# MISSING: My only marble betta



## reaper0325

This Monday, I placed my male Piebald Marble betta in an outdoor grow-out basin to eliminate the plentiful mosquito larva in it. When I checked for him today, he was gone. I am devastated. :-(
Here is the pic of the heavily planted basin. 








He is my only marble betta and I was supposed to breed him this month. This is not a photo of him but he looks like this.








Oh marble betta, where did you go? :BIGweepy:


----------



## Bettaluver4evr

Oh dear!!! That's so sad! I hope you can find him or I hope he was just hiding under a plant... He was gorgeous...


----------



## Alex09

He could be hiding somewhere. Seems like there are plenty of spots to hide. Worst case scenario is that he got taken by a cat or racoon or something


----------



## fishmansam

so sad it not safe to put them out side


----------



## reaper0325

I dismantled the entire setup to find him. I removed every single plant in the basin. Still, no sign of him. He can't jump out because he needs to clear 3 inches of the basin to get out. Maybe the stray cats discovered my basin. 

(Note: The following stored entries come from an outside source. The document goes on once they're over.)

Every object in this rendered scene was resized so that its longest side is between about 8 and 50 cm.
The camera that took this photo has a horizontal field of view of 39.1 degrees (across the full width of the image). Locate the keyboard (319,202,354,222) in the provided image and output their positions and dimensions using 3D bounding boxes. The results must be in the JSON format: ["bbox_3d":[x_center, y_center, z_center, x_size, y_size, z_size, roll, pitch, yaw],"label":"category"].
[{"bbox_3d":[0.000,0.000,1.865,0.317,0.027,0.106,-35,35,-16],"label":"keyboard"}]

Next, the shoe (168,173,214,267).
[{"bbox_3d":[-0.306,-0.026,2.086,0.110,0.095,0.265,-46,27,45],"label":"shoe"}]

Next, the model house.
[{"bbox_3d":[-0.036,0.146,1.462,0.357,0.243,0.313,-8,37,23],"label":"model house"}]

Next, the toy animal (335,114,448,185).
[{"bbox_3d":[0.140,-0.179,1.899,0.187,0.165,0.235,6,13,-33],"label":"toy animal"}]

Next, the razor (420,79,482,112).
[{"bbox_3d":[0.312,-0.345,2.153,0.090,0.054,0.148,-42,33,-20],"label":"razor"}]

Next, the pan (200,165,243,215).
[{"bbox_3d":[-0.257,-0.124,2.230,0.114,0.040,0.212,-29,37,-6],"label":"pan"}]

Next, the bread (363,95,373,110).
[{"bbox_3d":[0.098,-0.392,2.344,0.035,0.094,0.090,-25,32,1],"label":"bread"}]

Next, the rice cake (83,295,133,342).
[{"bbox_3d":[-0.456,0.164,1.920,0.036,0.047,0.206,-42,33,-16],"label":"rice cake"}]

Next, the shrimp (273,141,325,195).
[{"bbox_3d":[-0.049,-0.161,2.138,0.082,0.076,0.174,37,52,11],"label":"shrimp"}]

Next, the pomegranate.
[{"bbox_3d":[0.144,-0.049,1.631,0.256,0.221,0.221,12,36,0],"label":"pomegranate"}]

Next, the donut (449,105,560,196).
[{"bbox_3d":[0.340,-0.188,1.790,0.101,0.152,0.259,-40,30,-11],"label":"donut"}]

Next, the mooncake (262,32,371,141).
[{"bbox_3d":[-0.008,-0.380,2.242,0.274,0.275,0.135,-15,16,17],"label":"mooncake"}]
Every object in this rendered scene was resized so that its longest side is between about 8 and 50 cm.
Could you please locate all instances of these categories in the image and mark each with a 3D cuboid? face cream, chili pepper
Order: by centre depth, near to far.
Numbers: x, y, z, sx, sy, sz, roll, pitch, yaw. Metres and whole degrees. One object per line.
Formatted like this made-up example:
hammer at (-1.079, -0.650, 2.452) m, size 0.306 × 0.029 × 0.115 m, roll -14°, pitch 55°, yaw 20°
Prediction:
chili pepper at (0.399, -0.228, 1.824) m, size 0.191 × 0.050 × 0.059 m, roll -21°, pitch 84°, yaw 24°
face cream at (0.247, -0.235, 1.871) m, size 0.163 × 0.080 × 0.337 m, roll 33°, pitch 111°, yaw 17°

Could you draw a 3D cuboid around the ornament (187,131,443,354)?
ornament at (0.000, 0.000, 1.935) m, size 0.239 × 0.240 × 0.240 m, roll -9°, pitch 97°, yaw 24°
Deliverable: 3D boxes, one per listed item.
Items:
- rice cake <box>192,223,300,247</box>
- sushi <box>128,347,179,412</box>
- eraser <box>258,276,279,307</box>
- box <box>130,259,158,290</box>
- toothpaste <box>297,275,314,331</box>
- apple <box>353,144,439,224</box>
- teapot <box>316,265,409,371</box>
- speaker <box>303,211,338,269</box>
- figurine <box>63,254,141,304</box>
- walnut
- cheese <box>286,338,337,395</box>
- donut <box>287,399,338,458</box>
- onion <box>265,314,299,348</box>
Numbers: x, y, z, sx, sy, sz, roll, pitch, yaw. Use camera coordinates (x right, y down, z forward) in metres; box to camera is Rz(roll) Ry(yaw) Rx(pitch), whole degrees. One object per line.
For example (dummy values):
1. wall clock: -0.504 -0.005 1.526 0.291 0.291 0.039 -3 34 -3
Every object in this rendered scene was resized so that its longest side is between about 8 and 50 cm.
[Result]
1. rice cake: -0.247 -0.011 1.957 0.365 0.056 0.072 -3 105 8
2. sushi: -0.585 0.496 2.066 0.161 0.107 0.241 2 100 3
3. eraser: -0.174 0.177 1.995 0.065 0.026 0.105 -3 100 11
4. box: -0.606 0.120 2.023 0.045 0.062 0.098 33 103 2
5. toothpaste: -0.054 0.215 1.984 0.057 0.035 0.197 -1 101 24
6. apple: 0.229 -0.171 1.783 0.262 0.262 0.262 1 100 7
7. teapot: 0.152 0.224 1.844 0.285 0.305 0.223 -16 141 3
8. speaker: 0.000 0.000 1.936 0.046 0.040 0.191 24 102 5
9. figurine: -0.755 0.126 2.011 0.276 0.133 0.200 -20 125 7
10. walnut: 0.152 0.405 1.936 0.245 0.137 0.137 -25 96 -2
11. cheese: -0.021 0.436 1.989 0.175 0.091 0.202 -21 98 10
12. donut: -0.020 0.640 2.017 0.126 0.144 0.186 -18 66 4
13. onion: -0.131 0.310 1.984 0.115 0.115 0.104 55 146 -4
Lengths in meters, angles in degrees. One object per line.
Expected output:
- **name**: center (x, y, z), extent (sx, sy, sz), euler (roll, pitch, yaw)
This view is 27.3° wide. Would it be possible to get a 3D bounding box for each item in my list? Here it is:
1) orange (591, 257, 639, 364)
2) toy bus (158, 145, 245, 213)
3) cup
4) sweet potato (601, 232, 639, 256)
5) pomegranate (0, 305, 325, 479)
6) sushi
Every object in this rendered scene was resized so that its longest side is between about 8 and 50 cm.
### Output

What a waste of good fish.


----------



## reaper0325

Sorry, it was not 3 inches, more like 5 or six.. A betta can't jump that high.


----------



## Bettaluver4evr

I am so sorry, he was gorgeous!  I'm very sorry... But it definitely won't happen again now! And you can find another gorgeous betta for breeding, I'm sure.


----------



## reaper0325

Yep.. Still, I feel so bad. 

And another problem. Dragonfly and damselfly larvae are invading my basins. Fry casualties are rising. Arrrgggh


----------



## wallywestisthebest333

Hmmmm..... maybe you could put screen door material over your basins in the future to prevent parent entry and prevent larva from being lain.

I have no idea how you'd eradicate them though. :[ I'm so sorry about your lost boy! <3 And your babies! <3

Is there any way you can get most of them out of the basin and into a tank where you can see and remove the attacking larvae?


----------



## reaper0325

wallywestisthebest333 said:


> Hmmmm..... maybe you could put screen door material over your basins in the future to prevent parent entry and prevent larva from being lain.
> 
> I have no idea how you'd eradicate them though. :[ I'm so sorry about your lost boy! <3 And your babies! <3
> 
> Is there any way you can get most of them out of the basin and into a tank where you can see and remove the attacking larvae?


I tried to remove all the predators with an asepto syringe (photo below) and added a screen on the tubs.. But I fear that there are still some of them hiding in the water and just waiting to grow. 








I also covered all the tubs with nets this afternoon..


----------



## dramaqueen

Aww, I'm sorry about your fish!


----------